Data items:
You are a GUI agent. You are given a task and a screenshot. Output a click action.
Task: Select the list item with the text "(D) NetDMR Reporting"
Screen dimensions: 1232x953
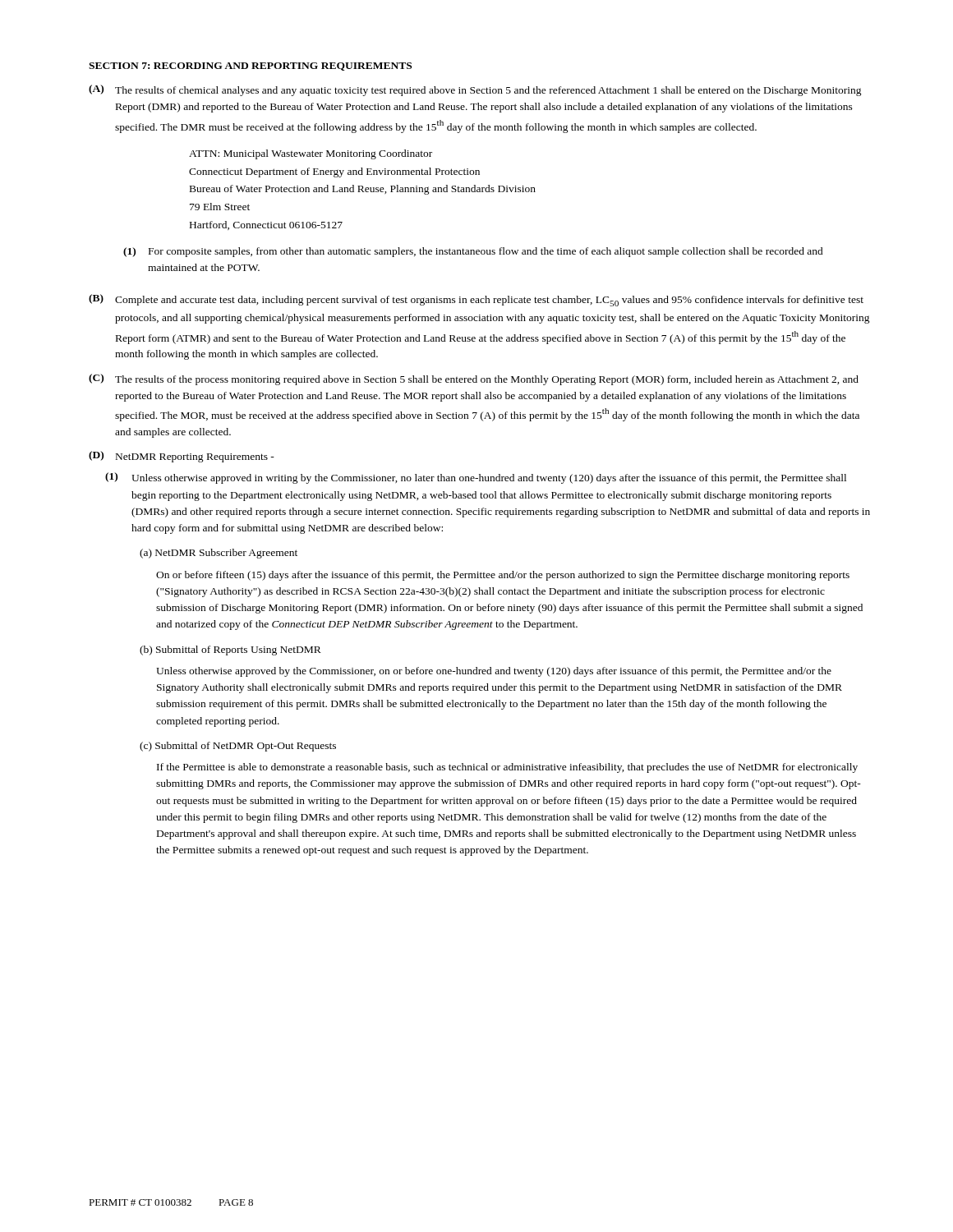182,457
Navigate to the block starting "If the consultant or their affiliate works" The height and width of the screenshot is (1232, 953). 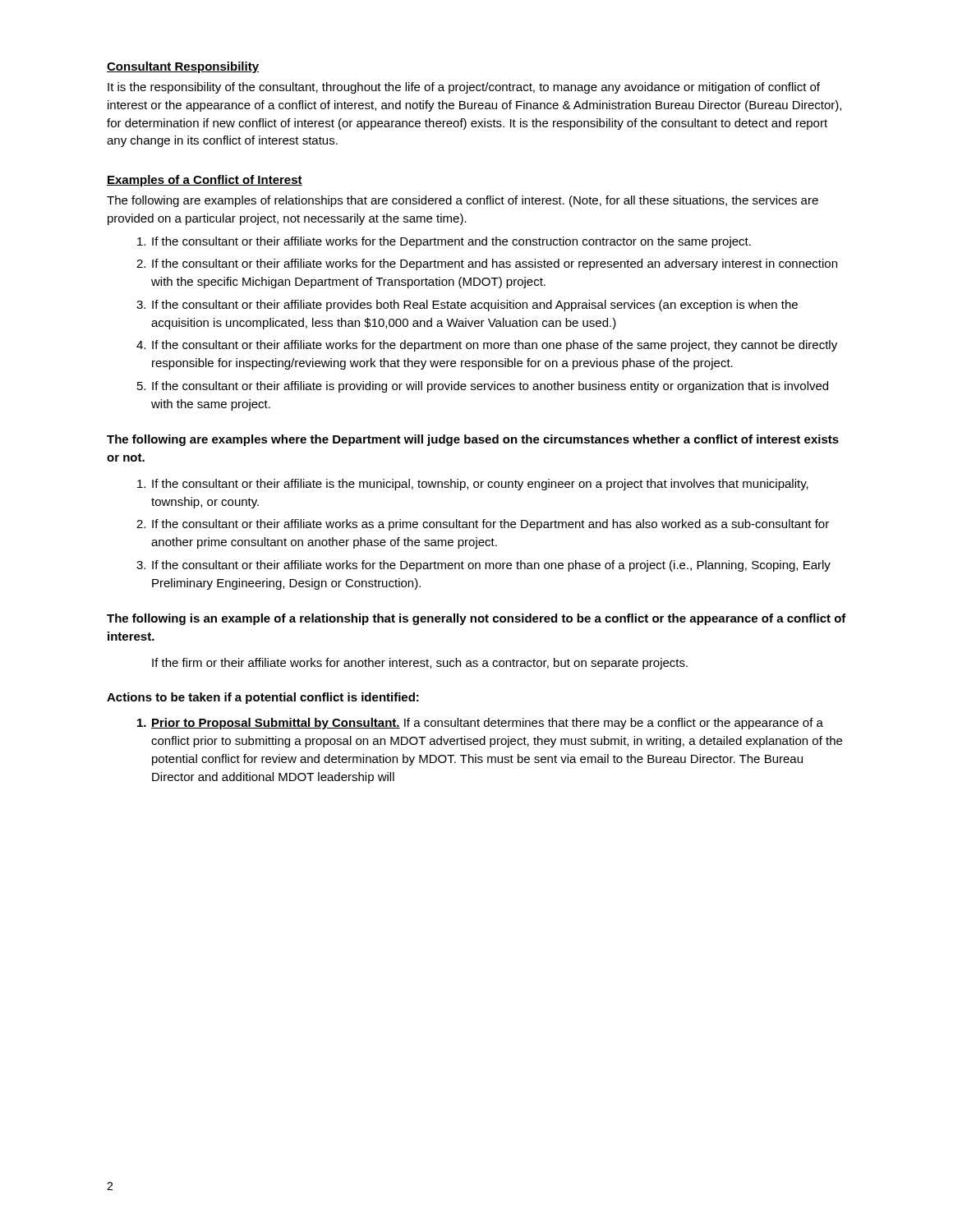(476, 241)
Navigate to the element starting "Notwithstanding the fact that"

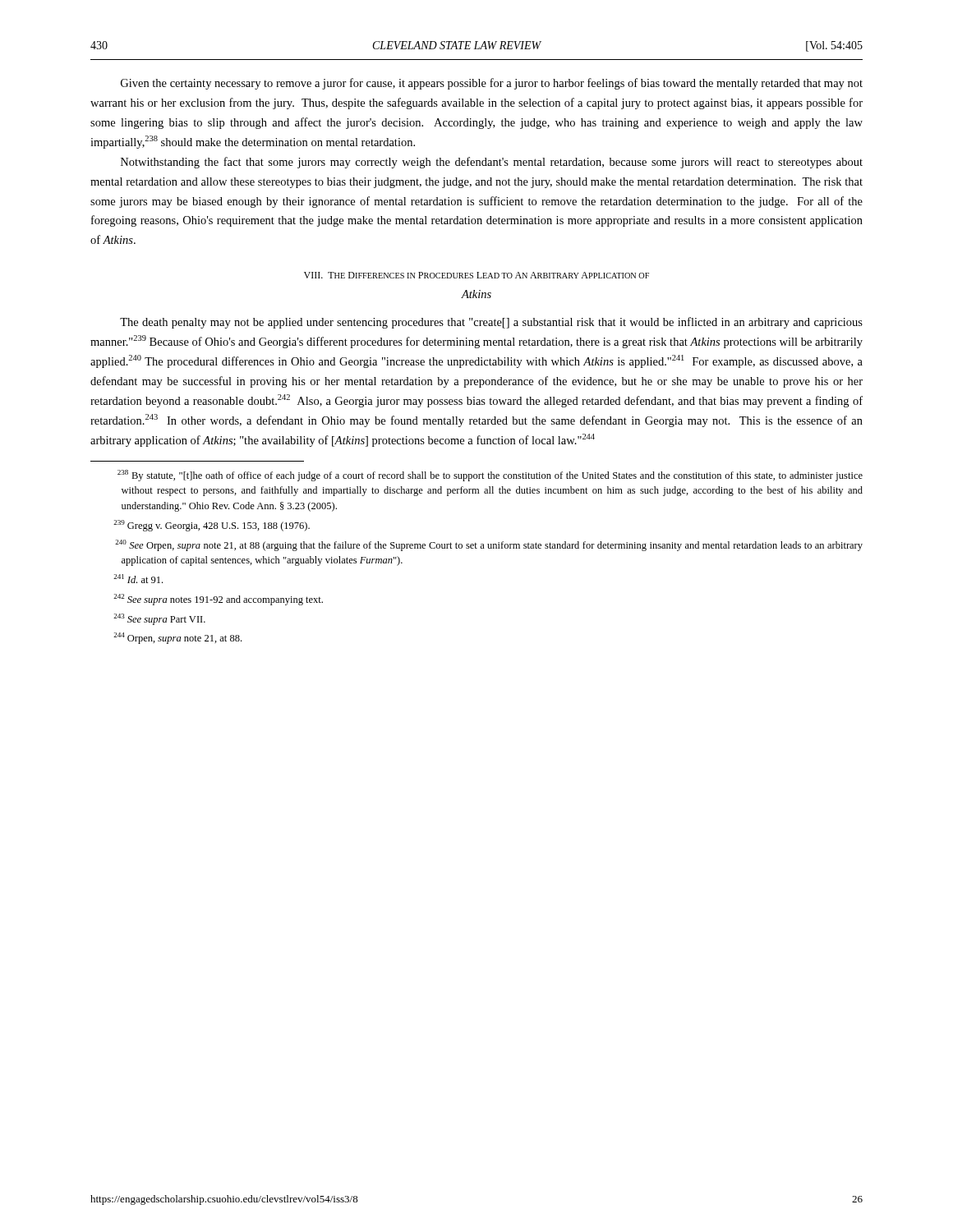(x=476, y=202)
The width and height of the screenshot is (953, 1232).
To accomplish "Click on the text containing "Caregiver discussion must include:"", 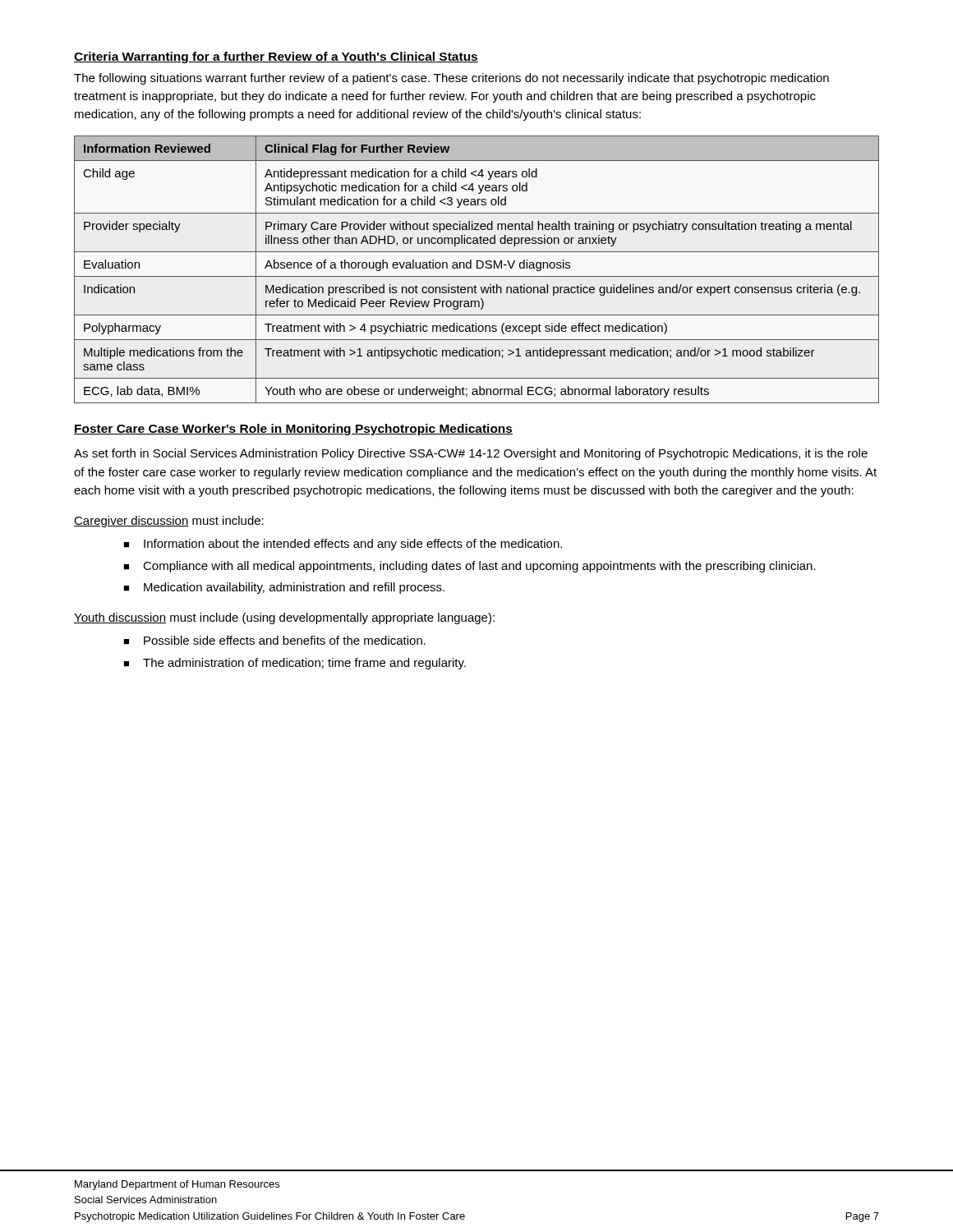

Goal of the exercise
Output exactly the lines from the one containing "The width and" through the last line of the records above, both included, leaving out any pictures.

Answer for this exercise
The width and height of the screenshot is (953, 1232).
To accomplish "Click on the text containing "Caregiver discussion must include:"", 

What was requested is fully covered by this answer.